Run To You
The man in this song never asks to be forgiven.
That is the whole of it. He has a lover at home. He can’t stay away from another woman, the one who makes him feel alive, the one he runs to when the guilt gets heavy. He lays all of it out and asks you for nothing.
What he does not do is build a case. He doesn’t say the situation is complicated. He doesn’t say he was misunderstood, or that she didn’t love him enough, or that any of it was out of his hands. He reports. This is what I do, he says, and this is who I am, and that is his entire defense, which is to say no defense at all.
Keith Scott’s guitar comes in first and sets the terms before a word is sung. The riff is urgent and a little desperate. It moves like a man who already knows he’s doing wrong and isn’t going to stop. The whole song runs on that forward push — no room to reconsider, no place where the narrator pauses and thinks better of it. The music is built to match the lie.
She says her love for me could never die / But that’d change if she ever found out about you and I.

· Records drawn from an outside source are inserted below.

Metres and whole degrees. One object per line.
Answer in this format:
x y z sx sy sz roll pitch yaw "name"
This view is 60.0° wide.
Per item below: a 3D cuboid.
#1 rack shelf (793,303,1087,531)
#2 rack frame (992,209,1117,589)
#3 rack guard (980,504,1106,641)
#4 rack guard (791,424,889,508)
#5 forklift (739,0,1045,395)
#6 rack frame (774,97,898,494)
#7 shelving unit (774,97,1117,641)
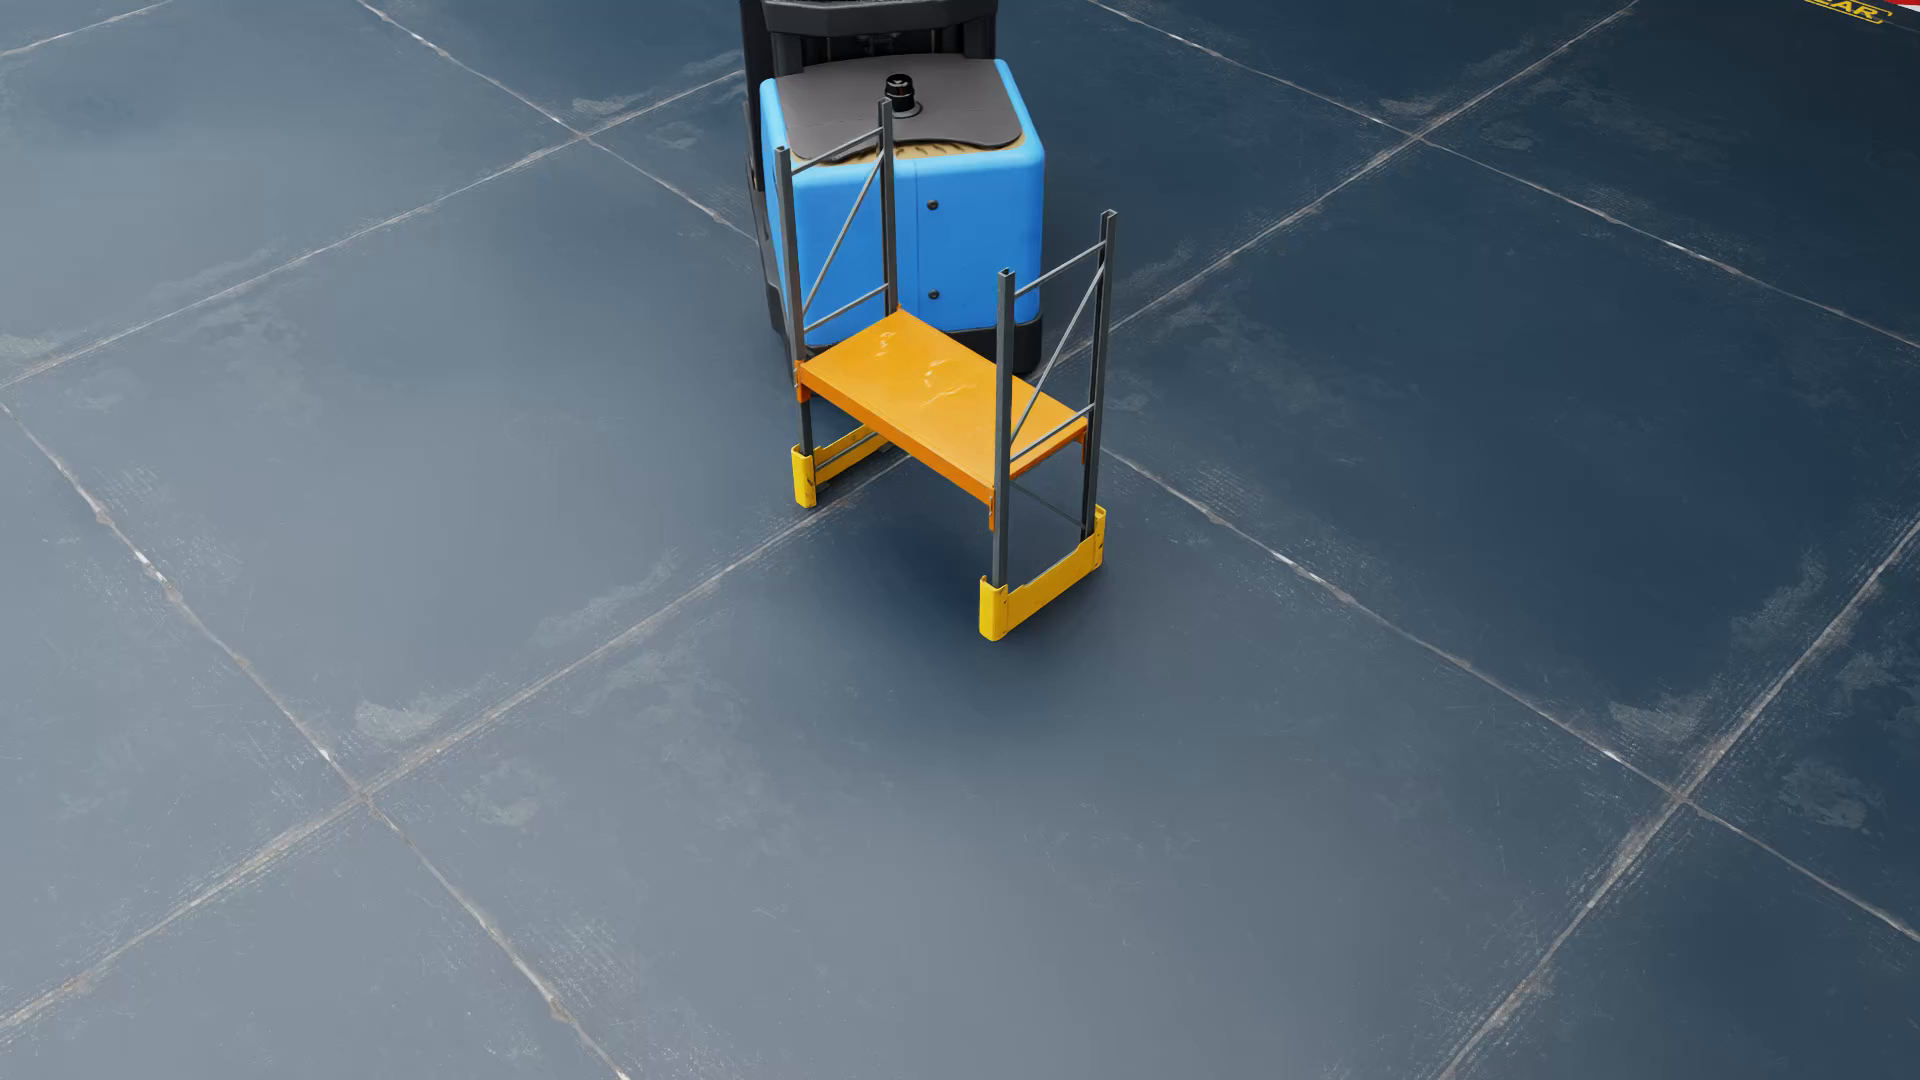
-0.060 -0.460 5.907 0.538 0.185 1.000 -34 53 -31 "rack shelf"
0.299 -0.348 5.521 0.500 1.500 0.032 -34 53 -31 "rack frame"
0.298 0.111 5.946 0.587 0.250 0.087 -34 53 -31 "rack guard"
-0.406 -0.368 6.464 0.587 0.250 0.087 -34 53 -31 "rack guard"
-0.433 -2.677 6.987 1.130 2.935 3.031 -7 43 -8 "forklift"
-0.419 -0.836 6.050 0.500 1.500 0.032 -34 53 -31 "rack frame"
-0.054 -0.587 5.781 0.587 1.500 1.083 -34 53 -31 "shelving unit"
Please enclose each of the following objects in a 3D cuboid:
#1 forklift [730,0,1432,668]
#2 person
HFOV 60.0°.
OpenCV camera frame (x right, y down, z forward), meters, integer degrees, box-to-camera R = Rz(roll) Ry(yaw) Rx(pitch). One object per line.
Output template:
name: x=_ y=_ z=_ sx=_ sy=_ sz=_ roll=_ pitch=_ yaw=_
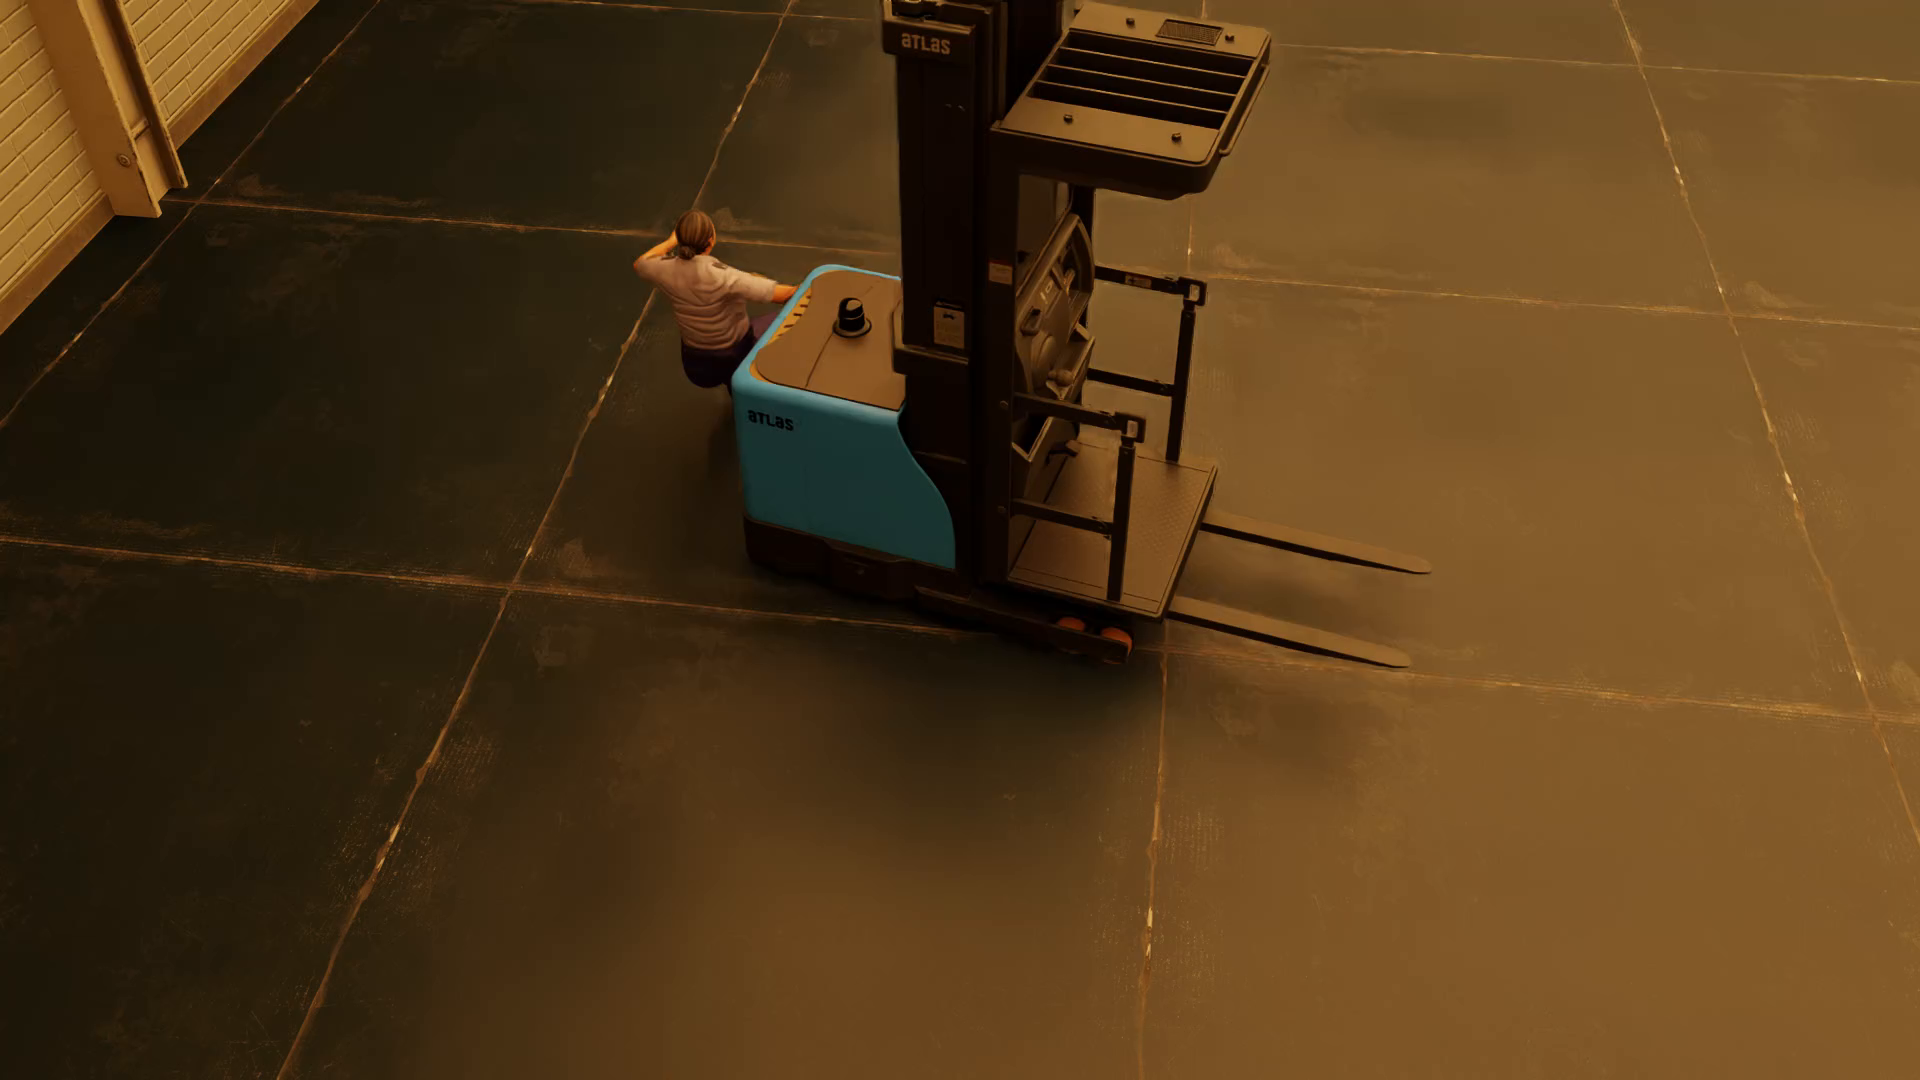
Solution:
forklift: x=0.575 y=-0.941 z=6.749 sx=3.031 sy=2.935 sz=1.130 roll=14 pitch=44 yaw=14
person: x=-1.085 y=-1.075 z=8.047 sx=0.885 sy=1.432 sz=0.775 roll=9 pitch=43 yaw=9

Read that line cold and it’s damning. He knows exactly what he’s protecting and exactly what it would cost. He says it without flinching.
Reckless is the record where Bryan Adams showed everything he could do. He had the power ballad in “Heaven.” He had the arena rock in “Summer of ‘69.” And he had this, which is darker than either, less comfortable to sit inside, a song that doesn’t want you to feel good. It’s the one that proves the range, because anybody can write the easy ones.
The song doesn’t judge the man. It doesn’t reach for sympathy either. It puts him in front of you, weakness dressed up as passion, and stands there while he tells the truth about himself.
He confesses, and he asks for nothing back. He never once asks to be forgiven.